__Your goal__
Find the word "IOException" in the listing. Copy out each line where it occurs.

__Source data__
*** Begin section ***

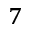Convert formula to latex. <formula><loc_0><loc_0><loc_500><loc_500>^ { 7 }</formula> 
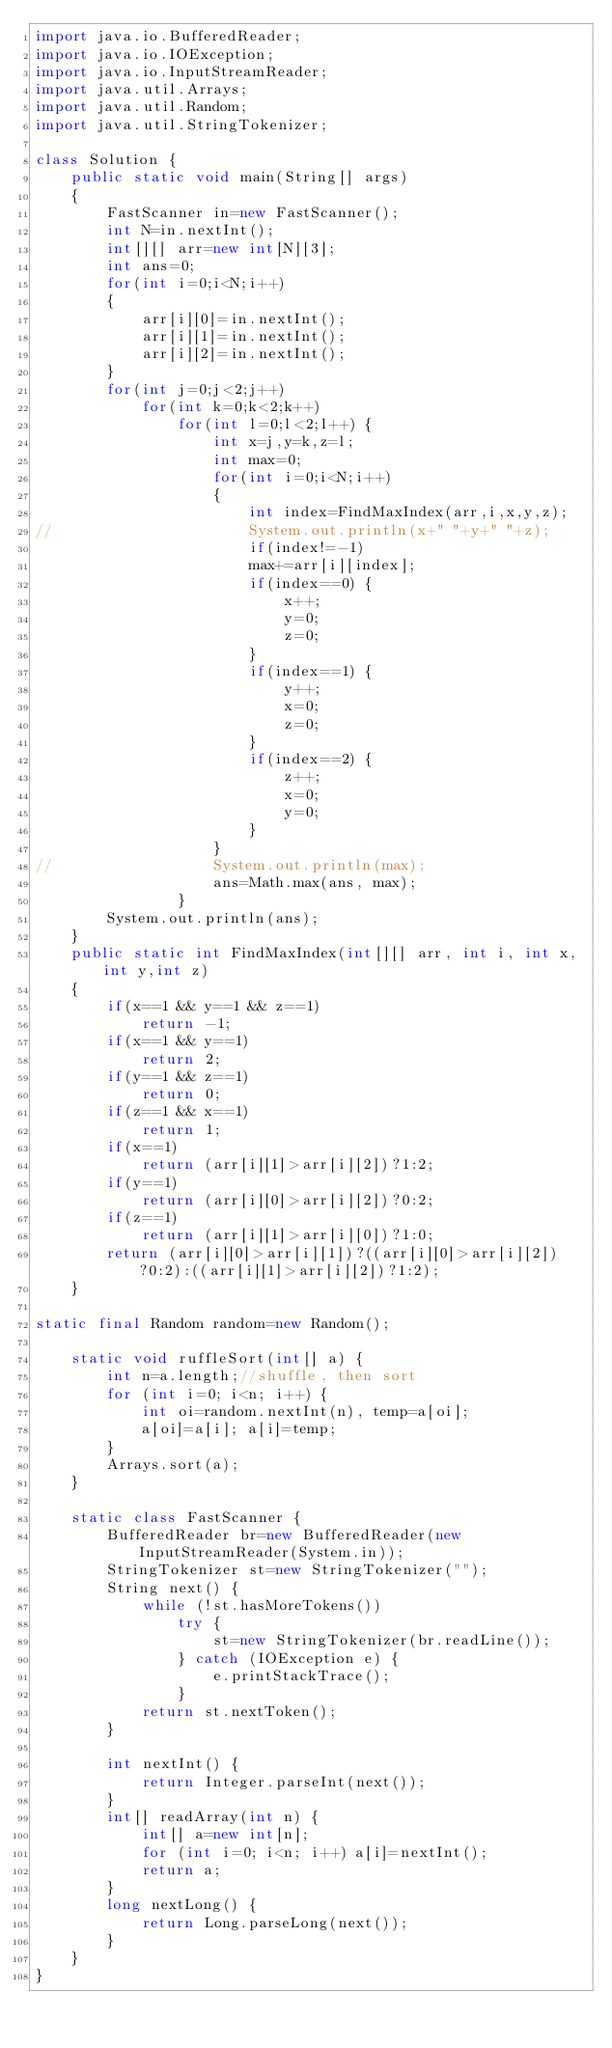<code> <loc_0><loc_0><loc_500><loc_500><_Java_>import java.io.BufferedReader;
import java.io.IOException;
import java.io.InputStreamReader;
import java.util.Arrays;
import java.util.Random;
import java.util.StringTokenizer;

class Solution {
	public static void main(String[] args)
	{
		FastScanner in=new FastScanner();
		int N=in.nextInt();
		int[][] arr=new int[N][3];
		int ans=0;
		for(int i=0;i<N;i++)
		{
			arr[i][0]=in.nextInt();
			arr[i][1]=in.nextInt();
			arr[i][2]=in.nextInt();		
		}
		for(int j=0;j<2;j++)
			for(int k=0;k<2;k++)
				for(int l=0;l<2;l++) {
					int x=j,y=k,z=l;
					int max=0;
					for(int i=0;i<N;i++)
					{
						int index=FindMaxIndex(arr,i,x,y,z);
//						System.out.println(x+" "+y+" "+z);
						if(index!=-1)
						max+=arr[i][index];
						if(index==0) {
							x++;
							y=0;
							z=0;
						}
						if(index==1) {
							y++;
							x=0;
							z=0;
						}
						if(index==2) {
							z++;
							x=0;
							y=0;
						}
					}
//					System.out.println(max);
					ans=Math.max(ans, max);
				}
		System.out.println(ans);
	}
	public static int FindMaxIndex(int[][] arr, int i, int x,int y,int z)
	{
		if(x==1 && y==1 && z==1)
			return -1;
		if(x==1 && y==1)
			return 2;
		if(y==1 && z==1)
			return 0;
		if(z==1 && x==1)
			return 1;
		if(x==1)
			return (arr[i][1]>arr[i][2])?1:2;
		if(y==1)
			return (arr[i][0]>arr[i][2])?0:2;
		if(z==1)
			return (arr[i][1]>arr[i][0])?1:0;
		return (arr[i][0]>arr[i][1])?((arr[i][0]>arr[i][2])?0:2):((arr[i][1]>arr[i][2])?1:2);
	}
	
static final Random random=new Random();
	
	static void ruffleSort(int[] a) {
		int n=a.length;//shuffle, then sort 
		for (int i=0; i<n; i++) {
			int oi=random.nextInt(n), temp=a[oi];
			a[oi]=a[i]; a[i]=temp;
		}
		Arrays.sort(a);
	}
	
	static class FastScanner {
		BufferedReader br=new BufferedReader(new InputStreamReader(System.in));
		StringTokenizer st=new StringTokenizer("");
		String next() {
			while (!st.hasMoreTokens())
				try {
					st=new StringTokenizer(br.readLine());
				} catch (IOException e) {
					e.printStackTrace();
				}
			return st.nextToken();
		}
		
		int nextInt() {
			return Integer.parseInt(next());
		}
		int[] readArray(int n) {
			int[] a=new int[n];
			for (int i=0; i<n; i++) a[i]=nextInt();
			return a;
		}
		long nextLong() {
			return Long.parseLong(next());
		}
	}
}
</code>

*** End section ***
*** Begin section ***

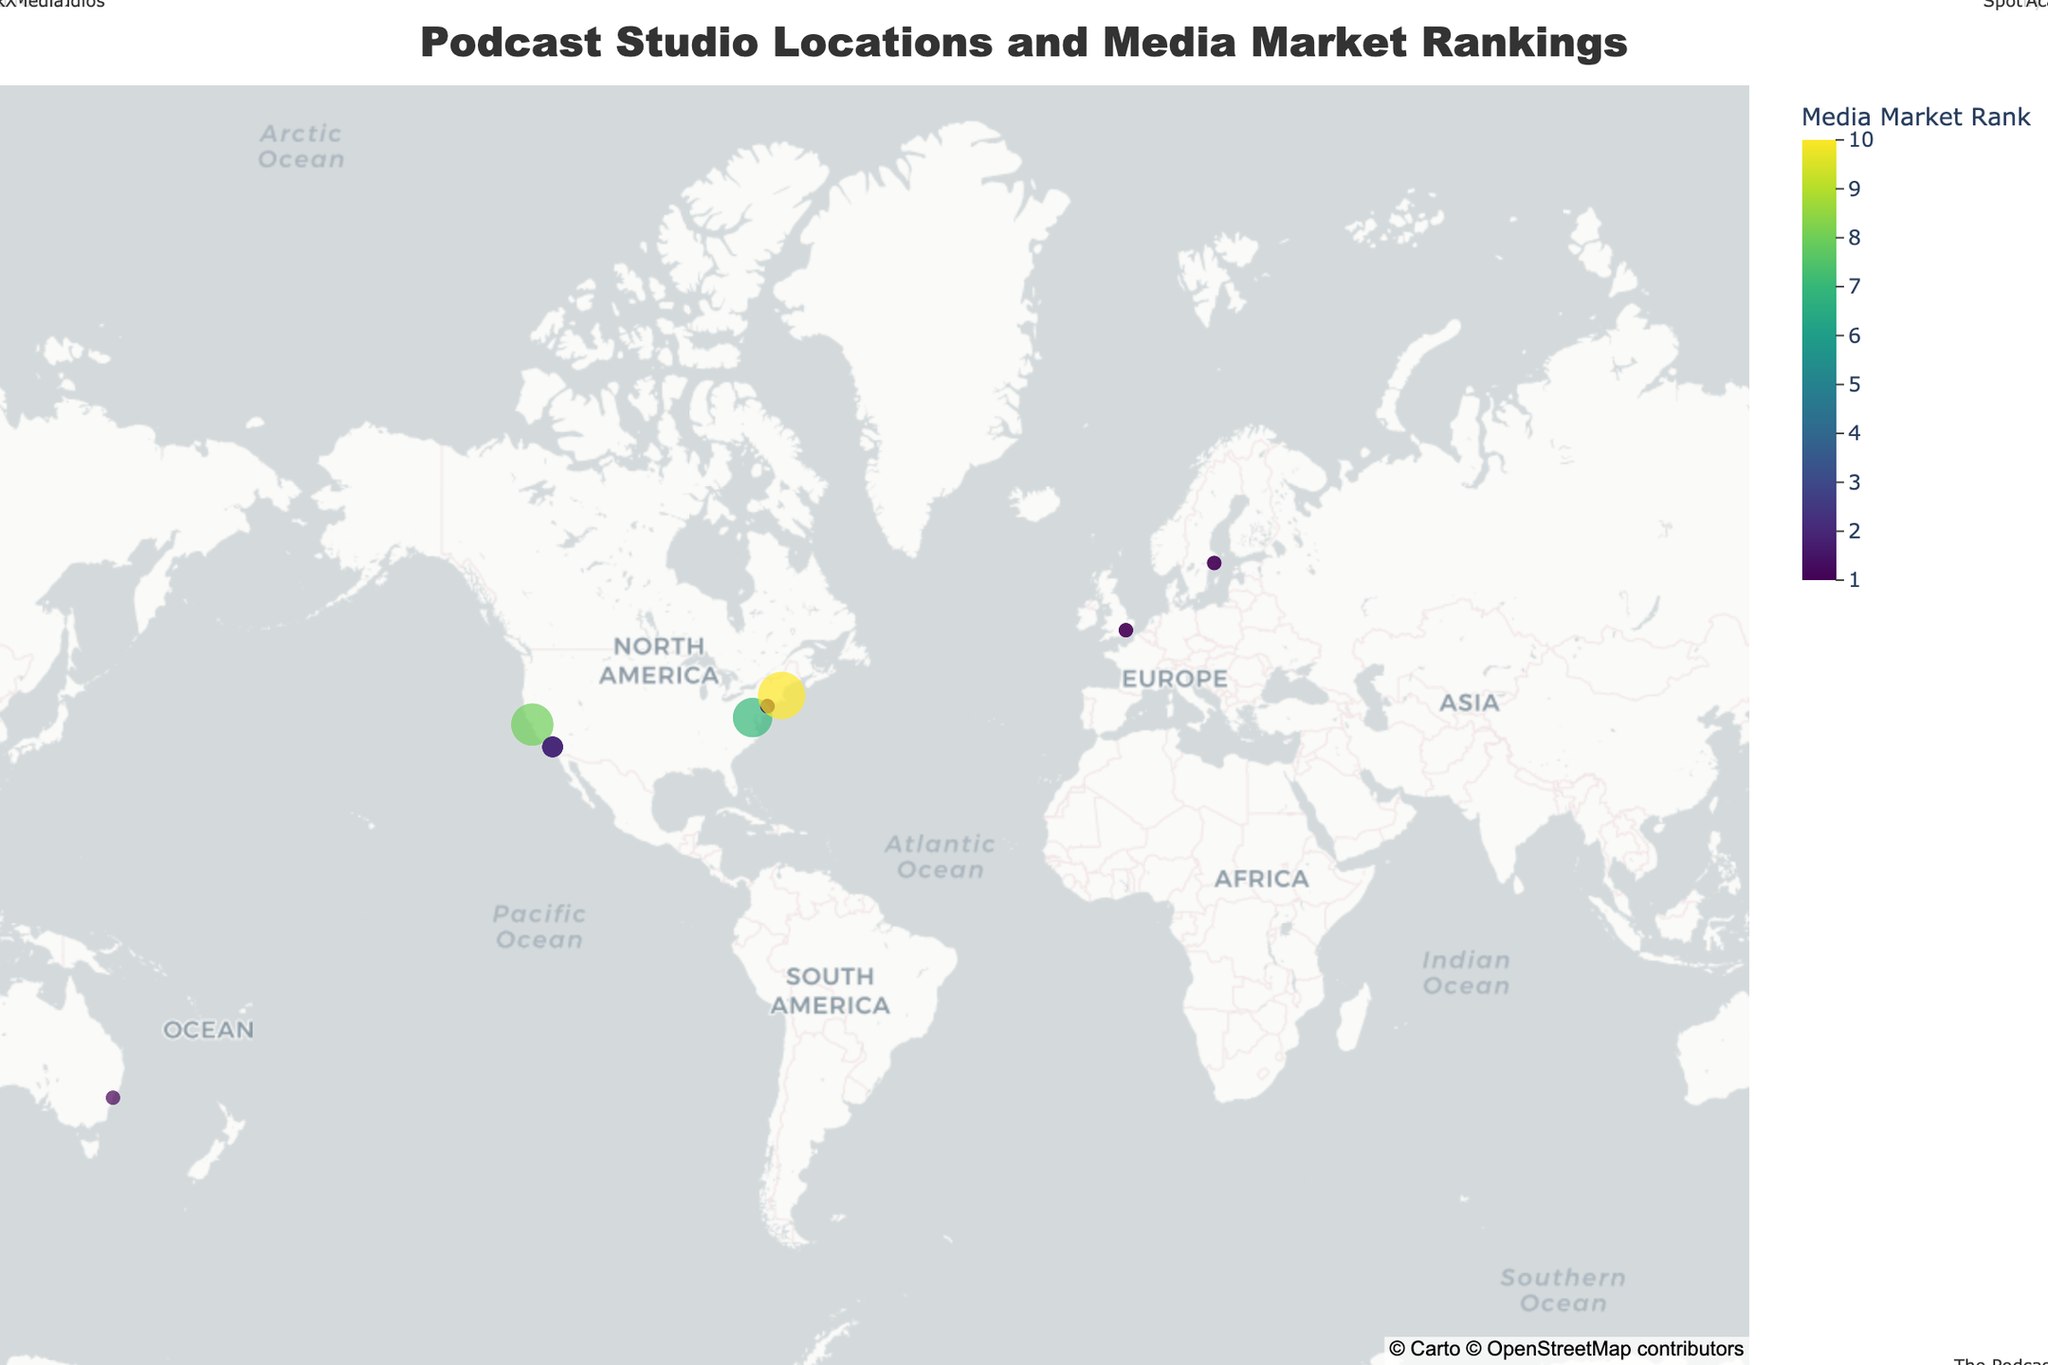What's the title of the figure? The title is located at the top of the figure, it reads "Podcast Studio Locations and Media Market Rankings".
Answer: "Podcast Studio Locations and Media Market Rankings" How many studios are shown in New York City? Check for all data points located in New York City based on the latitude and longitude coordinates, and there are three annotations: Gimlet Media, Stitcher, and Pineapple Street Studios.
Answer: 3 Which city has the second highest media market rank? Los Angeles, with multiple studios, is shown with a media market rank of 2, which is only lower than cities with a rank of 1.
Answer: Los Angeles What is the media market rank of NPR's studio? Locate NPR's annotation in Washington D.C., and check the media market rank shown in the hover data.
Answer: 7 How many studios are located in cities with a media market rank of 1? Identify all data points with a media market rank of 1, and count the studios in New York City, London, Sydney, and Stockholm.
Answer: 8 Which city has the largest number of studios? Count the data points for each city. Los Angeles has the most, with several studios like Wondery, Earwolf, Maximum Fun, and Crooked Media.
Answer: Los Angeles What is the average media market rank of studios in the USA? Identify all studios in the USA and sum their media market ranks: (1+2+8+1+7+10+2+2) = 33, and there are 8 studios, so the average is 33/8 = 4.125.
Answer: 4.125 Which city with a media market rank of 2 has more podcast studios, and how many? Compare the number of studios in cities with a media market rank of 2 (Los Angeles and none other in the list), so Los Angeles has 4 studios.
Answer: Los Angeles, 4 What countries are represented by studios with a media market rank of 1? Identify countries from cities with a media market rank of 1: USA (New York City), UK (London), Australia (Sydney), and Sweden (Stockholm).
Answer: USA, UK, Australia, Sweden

*** End section ***
*** Begin section ***

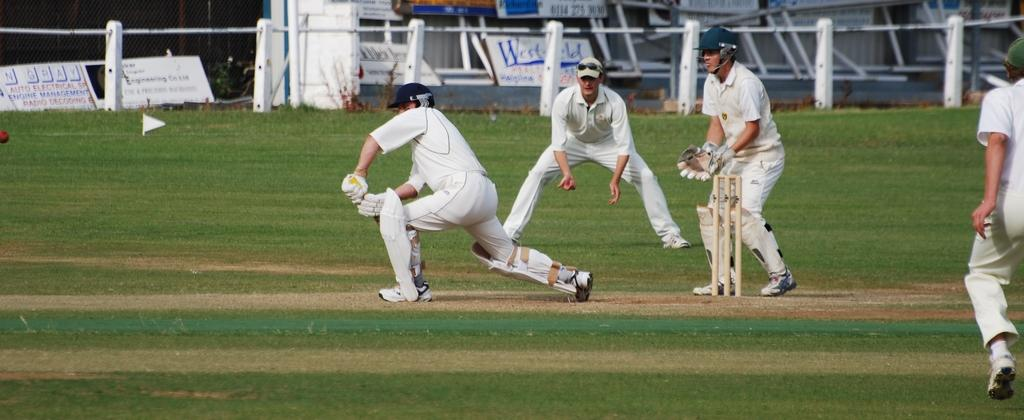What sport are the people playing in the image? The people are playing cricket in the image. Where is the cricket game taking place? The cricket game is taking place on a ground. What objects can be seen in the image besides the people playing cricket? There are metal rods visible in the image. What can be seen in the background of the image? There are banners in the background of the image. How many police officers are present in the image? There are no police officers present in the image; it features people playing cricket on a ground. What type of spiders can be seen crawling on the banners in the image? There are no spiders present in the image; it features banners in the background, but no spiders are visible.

*** End section ***

__Solution to the problem__
import java.io.IOException;
				} catch (IOException e) {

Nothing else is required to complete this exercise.